Жена Шиханского, его бывшая фронтовая машинистка, Леля, осталась этой новостью весьма довольна и даже погладила его редеющие волосы, что считалось у нее самой щедрой лаской.
— Ты у меня удачливый, — певуче сказала она, разливая суп по тарелкам.
Шиханский встал и чмокнул покрытую веснушками душистую женину руку.
— Это так же верно, как и то, что ты у меня самая красивая.
Леля жеманно засмеялась.
— Полковник, вы шутите!
— За семь лет семейного счастья тебе пора научиться отличать мои шутки от серьезных заключений.

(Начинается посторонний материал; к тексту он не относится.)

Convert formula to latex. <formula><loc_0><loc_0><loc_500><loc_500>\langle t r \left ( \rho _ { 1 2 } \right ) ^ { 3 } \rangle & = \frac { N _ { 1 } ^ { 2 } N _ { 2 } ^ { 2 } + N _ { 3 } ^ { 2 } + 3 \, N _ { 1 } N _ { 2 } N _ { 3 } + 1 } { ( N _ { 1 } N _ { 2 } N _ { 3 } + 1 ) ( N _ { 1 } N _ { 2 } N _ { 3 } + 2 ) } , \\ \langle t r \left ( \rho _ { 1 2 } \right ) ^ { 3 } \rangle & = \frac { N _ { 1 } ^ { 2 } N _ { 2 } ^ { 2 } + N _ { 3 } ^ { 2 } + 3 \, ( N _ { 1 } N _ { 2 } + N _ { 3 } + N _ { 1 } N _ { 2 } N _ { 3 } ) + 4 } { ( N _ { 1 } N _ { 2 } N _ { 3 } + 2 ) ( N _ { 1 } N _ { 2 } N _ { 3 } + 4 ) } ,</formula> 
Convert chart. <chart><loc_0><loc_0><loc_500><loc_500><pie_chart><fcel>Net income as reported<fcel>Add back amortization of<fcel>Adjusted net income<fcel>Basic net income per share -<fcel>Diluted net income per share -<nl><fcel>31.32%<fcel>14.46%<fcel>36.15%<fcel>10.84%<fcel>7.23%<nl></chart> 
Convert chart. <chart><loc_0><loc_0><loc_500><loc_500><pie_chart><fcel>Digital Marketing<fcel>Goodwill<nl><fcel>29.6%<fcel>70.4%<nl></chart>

После обеда он не пошел в штаб, а позвонил своему заместителю, полковнику Анисимову, чтобы тот самостоятельно еще раз проверил готовность полков к учению и доложил по телефону. Сам же Шиханский облачился в новую синюю пижаму и завалился на тахту с томиком Герцена. Шиханский не очень любил художественную литературу, но всегда считал святой обязанностью прочитывать те книги, на которые подписывалась скучающая супруга.
В большой квартире, тесно заставленной мебелью, было тихо. Полковник услышал, как мягко прошуршала под окном машина и замерла у подъезда. Это Леля вызвала ее из гаража, чтобы ехать к портнихе. Вскоре она сама вошла в комнату, в ярком шелковом платье, тщательно причесанная, благоухающая.
— Георгий, жара становится совершенно невозможной, а жена у тебя существует без белых туфель.
— Ты же их заказала.
Леля в это мгновение помадой подводила припухлые губы. Не оборачиваясь, она сказала:
— Благодарю покорно. Улита едет, когда-то будет. Обещают не раньше чем к концу месяца.
— А ты бы поторопила, — зевнул Шиханский.
Леля спрятала в сумочку тюбик губной помады и осуждающе посмотрела на мужа.
— Еще раз благодарю, — сказала она холодно, — дать такой совет гораздо легче, чем помочь. Позвонил бы сам этому Табачникову. Что авторитетнее для заведующего военторговской мастерской: моя просьба или звонок начальника штаба? Впрочем, можешь этого не делать. А то ты опять будешь говорить, что я вынуждаю тебя злоупотреблять служебным положением.
— Неудобно, Леля, — протянул Шиханский, — я и так по каждому твоему заказу звоню. Неловко как-то.
— А мне неудобно обходиться летом без белых туфель, — обрезала она.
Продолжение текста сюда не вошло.